Artificial Intelligence: #9 AI’s parrot problem
Source: David Knickerbocker (adapted slightly)

Artificial Intelligence: #9 AI’s parrot problem

Welcome to edition #9

I saw this image on David knickerbocker’s LinkedIn posting

I adapted it slightly

While its funny it is also very insightful

We are in the ‘parrot’ era of evolution of artificial intelligence (like Jurassic Triassic etc)

Both the benefits and the limitations of the AI, as we know it, come from this 'parrot like' data driven architecture

Specifically

a)?AI learns from data

b)?Data lacks meaning, content and rational deliberation which needs sequential thinking based on concepts. Hence, the parrot like gibberish in some cases

c)?The distribution of the Data changes over time and hence the system needs constant retraining

Much of the current issues with AI like bias come from this direct relationship to data.

And to create better models, we train with more data – effectively the whole of the Web in case of recent language models

That was also the concern raised by Timnit Gebru both on environmental grounds but also on bias (aka when we train a model on the whole Web, we learn all the bad elements from that data as well)

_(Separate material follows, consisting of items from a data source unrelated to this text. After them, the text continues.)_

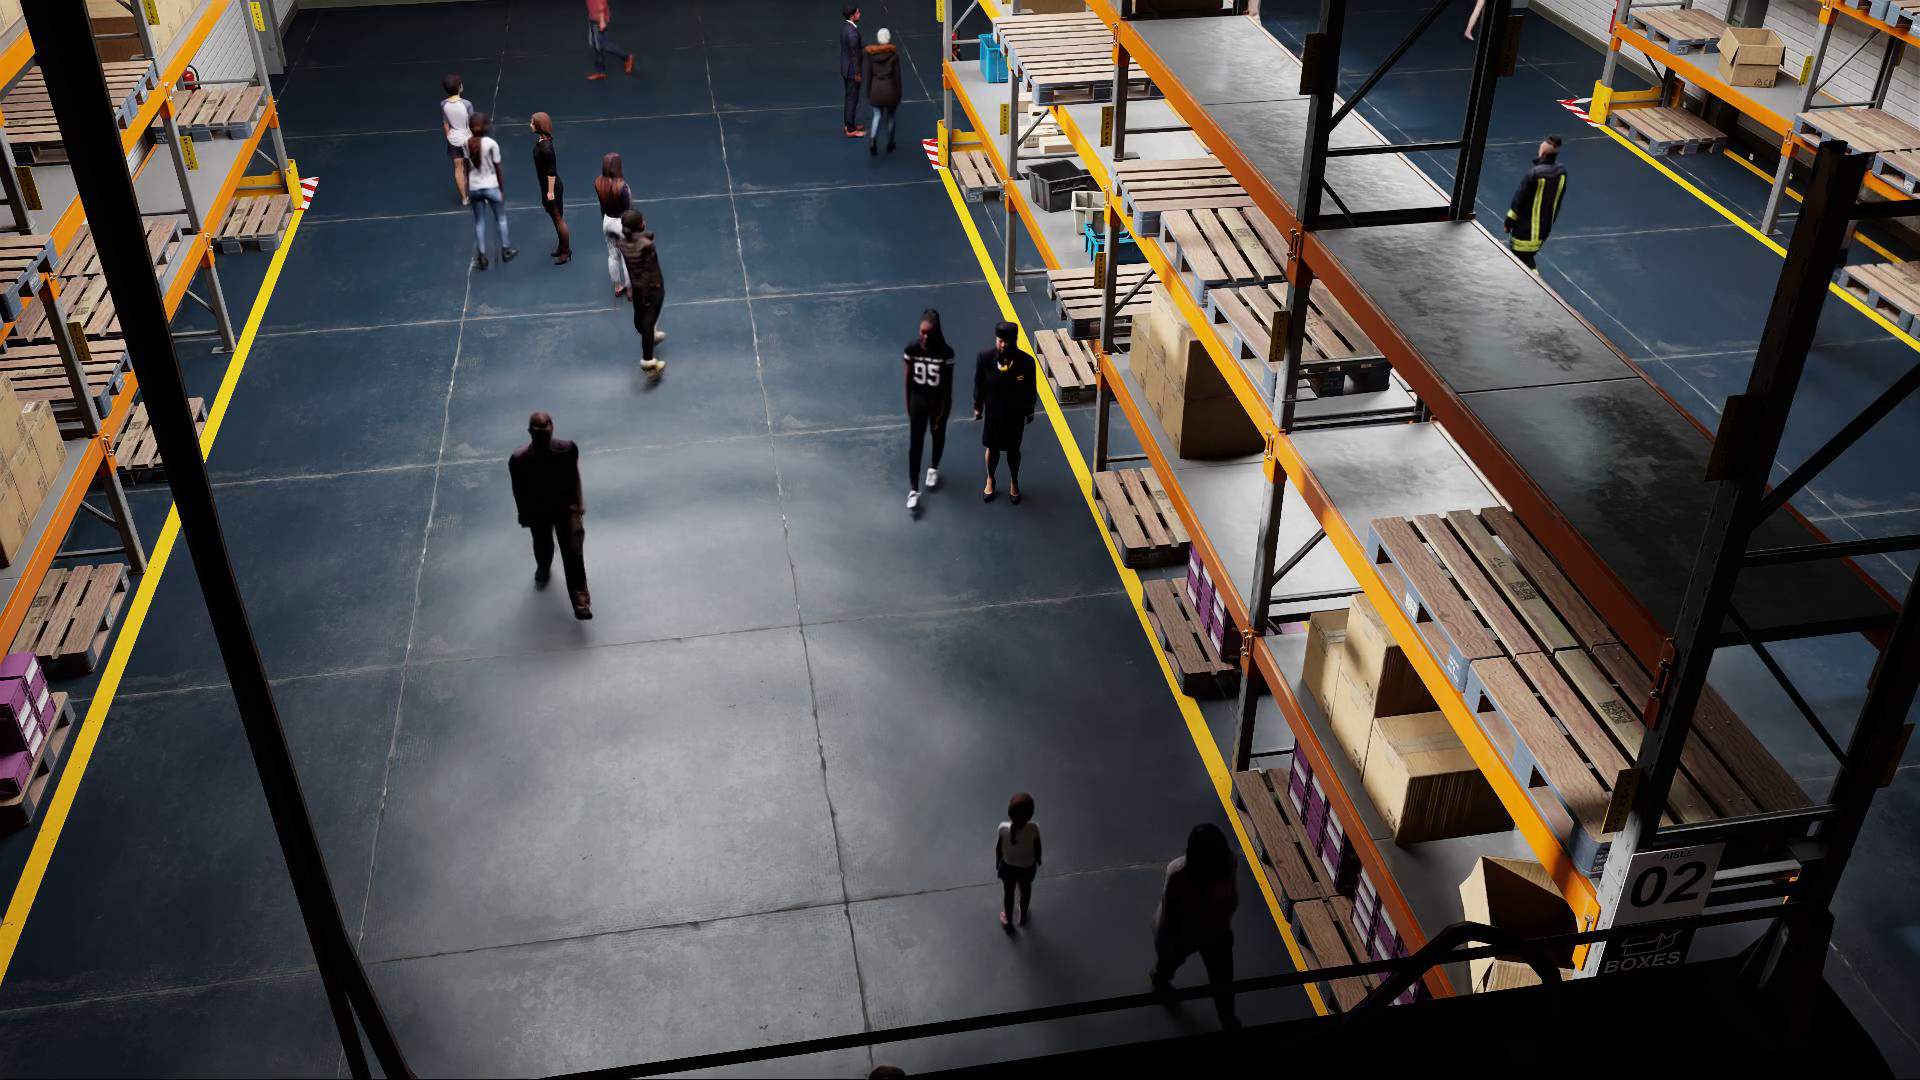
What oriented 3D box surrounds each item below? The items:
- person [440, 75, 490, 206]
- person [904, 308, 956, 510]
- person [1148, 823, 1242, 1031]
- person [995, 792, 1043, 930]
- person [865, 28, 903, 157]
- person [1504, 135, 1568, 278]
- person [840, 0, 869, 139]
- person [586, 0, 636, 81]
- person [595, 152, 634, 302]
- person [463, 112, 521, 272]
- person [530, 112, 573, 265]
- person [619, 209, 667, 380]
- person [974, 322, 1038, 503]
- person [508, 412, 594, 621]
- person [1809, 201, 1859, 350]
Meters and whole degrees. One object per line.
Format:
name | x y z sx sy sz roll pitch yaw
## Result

Effectively, we have an arms race of sorts based on raw computation and more data with China now claiming to have a model that outperforms other large language based models

The good thing about the current structure is it scales well.

Performance improves simply by more computation or more data.

Hence, we see ever larger models which are better (because they are larger) ex GPT-3 has 175 billion parameters while GPT-2 has 1.5 billion parameters.

But scaling alone does not overcome the fundamental limitations of the current deep learning architecture.

Specifically,

  • Supervised learning needs a lot of data
  • Systems are tied to the distribution of the data and when that distribution changes, the system need to be retrained
  • Systems are good at perception but not at rational thought which needs an understanding of the concepts and a rational, sequential deliberation on these concepts (much like a human way of rational thought)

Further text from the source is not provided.